For nonfiction, The Culture of Theology easily takes top place for me. The book was a wonderful introduction to John Webster; I later ended up picking up half a dozen more volumes by him and am finding those equally encouraging and challenging (as my Library page no doubt indicates). On any year except the year I discovered John Webster, Zeynep Tüfekçi’s Twitter and Tear Gas would have been the unquestioned winner, as an astounding book which manages to pull the hat trick of being good journalism, good academic writing, and good policy/agenda-setting.
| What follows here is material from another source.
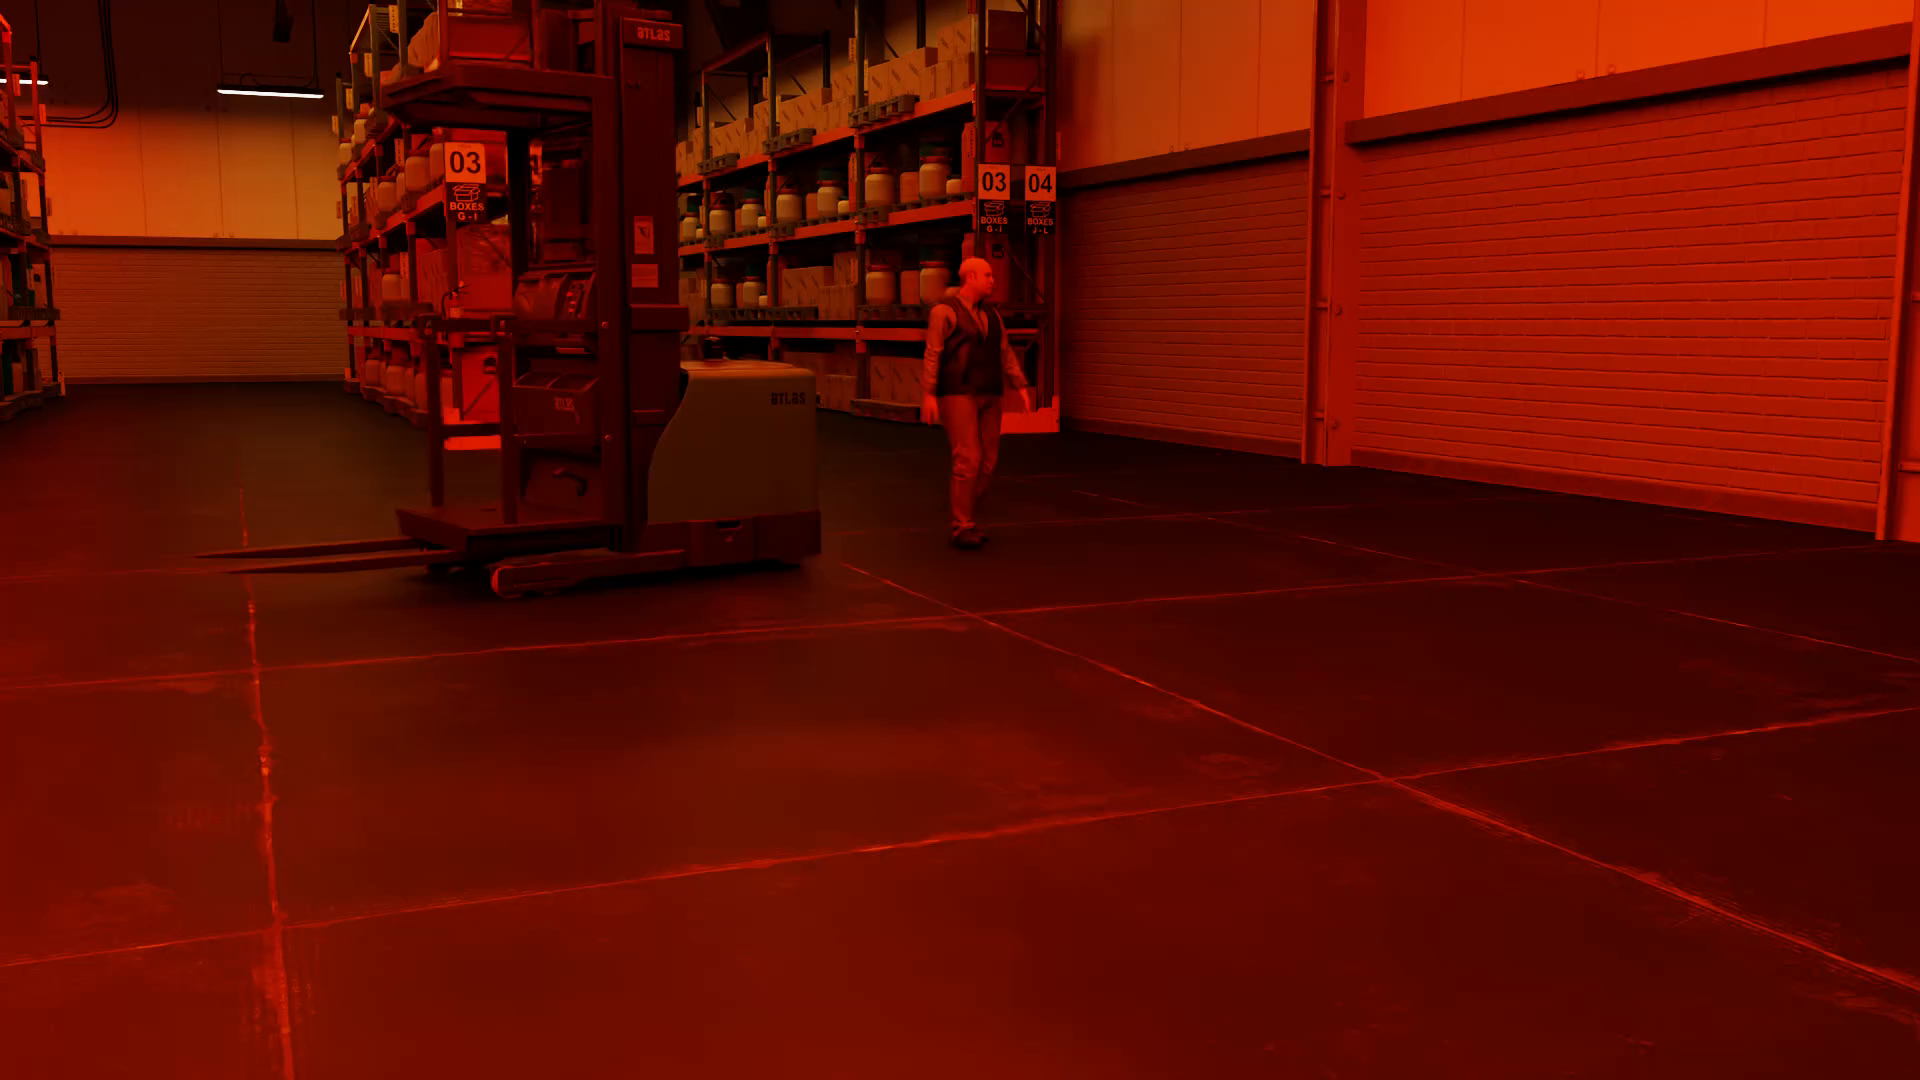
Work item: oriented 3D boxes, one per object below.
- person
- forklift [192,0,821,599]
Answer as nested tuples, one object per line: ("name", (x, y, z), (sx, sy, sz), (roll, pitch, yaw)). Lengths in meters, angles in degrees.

For fiction, Robin Sloan is just the best: both Sourdough and Mr. Penumbra’s 24-Hour Bookstore were beautiful, joyful, exuberant books. I would have enjoyed them any year, but especially in 2020, they were a breath of fresh air. Jurassic Park was a much more interesting book than I expected going in: I had read Crichton before and while I had always enjoyed his work, it’s fair to say that he was at his very best across the board in Jurassic Park. It’s a good thriller, but more importantly it’s a great argument about science and technology. Finally, Delta-V was the best new popcorn” fiction I read — a lovely near-future romp which gently poked at the current crop of up-and-coming space barons.

Writing

I’m slowly coming to terms with the fact that while I have spent the last half decade proclaiming my desire to write essays… in practice I have not prioritized that desire. This year, I wrote exactly one essay on this site (and I only realized it was an essay in retrospect, as I penned this very sentence), none for Mere Orthodoxy or other magazines, and maybe two and a half for the newsletter… if I’m being generous in my definition of essay.” The problem, in short, was the same as it was a year ago:

Setting a vague goal of write more essays” hasn’t done it; what I need to do is allocate time every month  —  or better, every week  —  to work on essays specifically. Then I need to defend that time against the instinct to go do other things instead, whether those other things are tinkering with my website’s design, writing a blog post instead of an essay, or something else entirely.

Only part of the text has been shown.